Irish Church of Ireland bishop

Robert Daly (10 June 1783 – 16 February 1872) was Church of Ireland Bishop of Cashel and Waterford from 1843 to 1872.

==Life==
Daly was born at Dunsandle Castle, Loughrea, the newly built residence of his father, Denis Daly. His ancestor, Dermot Ó Daly (fl. 1574–1614) was a Roman Catholic of Gaelic descent but his grandfather and father had converted to the Protestant faith to ensure legal title on their lands. By 1800, the family were among the largest landowners in Ireland and dictated the mayoralty of Galway for some sixty years. His mother was Lady Henrietta Maxwell, only daughter of Robert Maxwell, 1st Earl of Farnham and Henrietta Cantillon, widow of the 3rd Earl of Strafford.

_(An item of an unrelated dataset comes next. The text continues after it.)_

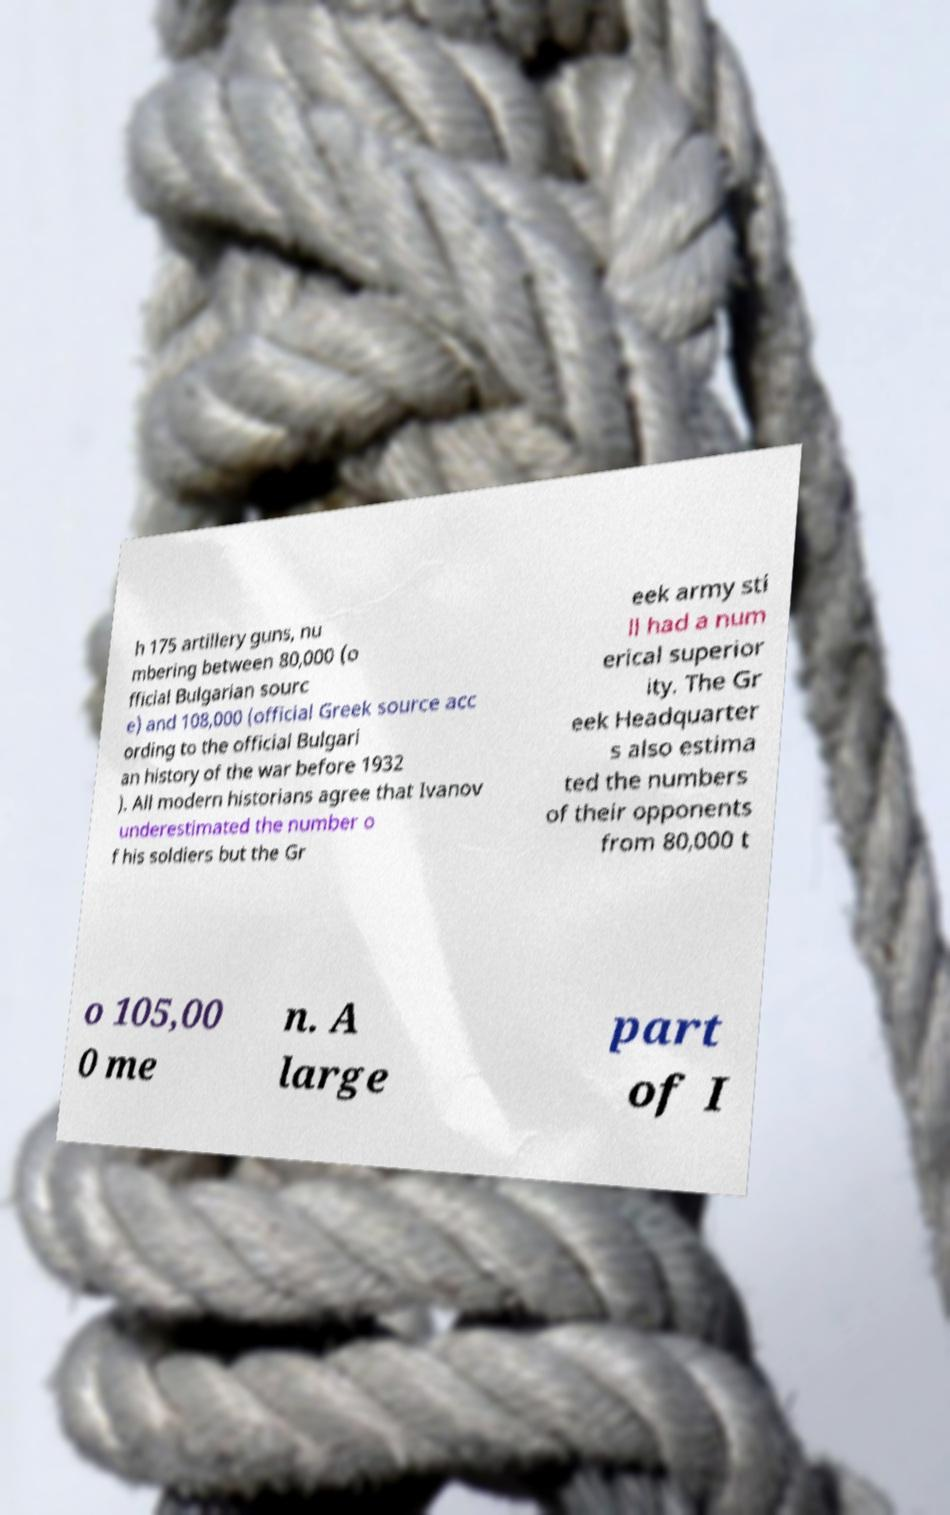What messages or text are displayed in this image? I need them in a readable, typed format. h 175 artillery guns, nu mbering between 80,000 (o fficial Bulgarian sourc e) and 108,000 (official Greek source acc ording to the official Bulgari an history of the war before 1932 ). All modern historians agree that Ivanov underestimated the number o f his soldiers but the Gr eek army sti ll had a num erical superior ity. The Gr eek Headquarter s also estima ted the numbers of their opponents from 80,000 t o 105,00 0 me n. A large part of I

Daly graduated with a B.A. from Trinity College, Dublin, in 1803, was ordained deacon and then priest of the Church of Ireland, and became Rector of Powerscourt in 1814. He was leader of the Evangelical section of the church, the subject at the centre of most of his publications, which numbered over twenty-two between 1815 and his death.

Daly was passionate in his support of anti-Catholic missions: his hatred of the Irish Catholic church, and especially its priests, endured to the end of his life, although he must have known that his own family had originally been Catholics. He was one of the founders in 1818 of the controversial Irish Society for Promoting the Education of the Native Irish through the Medium of Their Own Language.

Daly also supported the setting up of Church Education Society in 1839 countering the setting up of the National School system in Ireland.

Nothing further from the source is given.